## DIRECTIONS FOR THIS TASK
Take the lines from the one with "Okay, from this" through the last line of the material below and write them out exactly, without any pictures.

## COLLECTED DATA
------------------------
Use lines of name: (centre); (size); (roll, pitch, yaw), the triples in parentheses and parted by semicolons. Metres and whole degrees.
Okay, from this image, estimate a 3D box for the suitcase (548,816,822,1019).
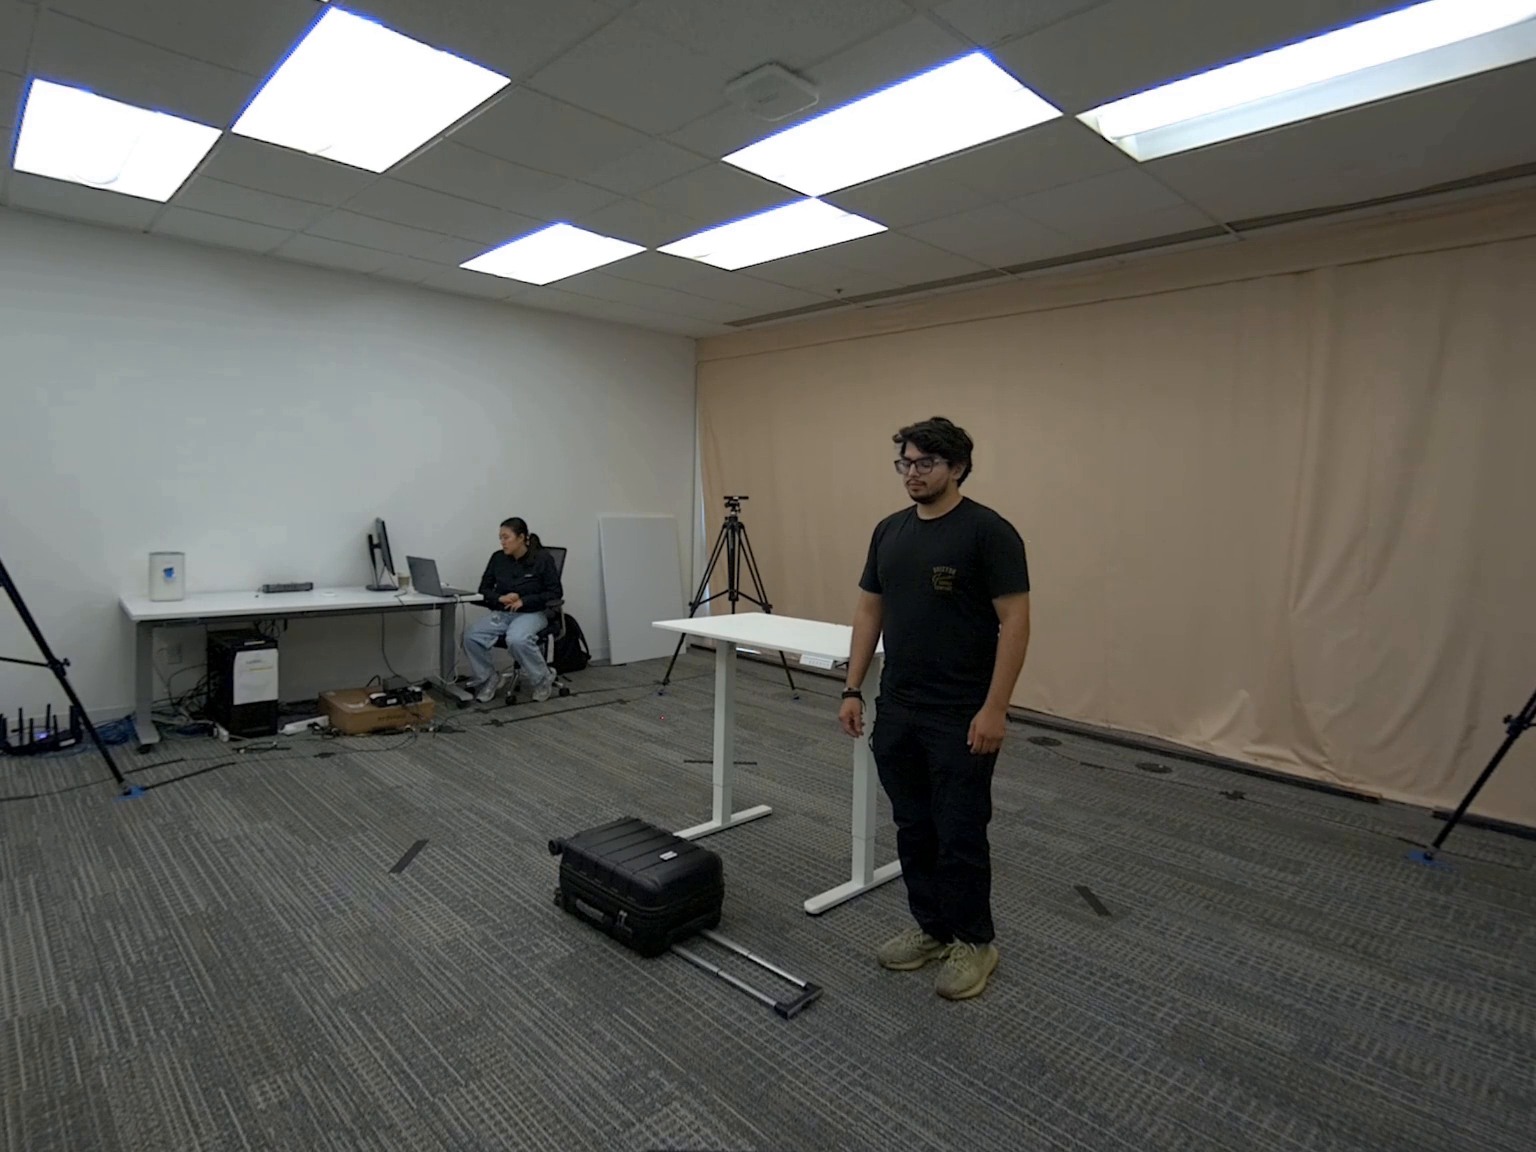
suitcase: (-0.274, 1.021, 2.629); (1.003, 0.256, 0.375); (5, 5, 42)
------------------------
## SOLUTION FOR THIS PROBLEM
Okay, from this image, estimate a 3D box for the suitcase (548,816,822,1019).
suitcase: (-0.274, 1.021, 2.629); (1.003, 0.256, 0.375); (5, 5, 42)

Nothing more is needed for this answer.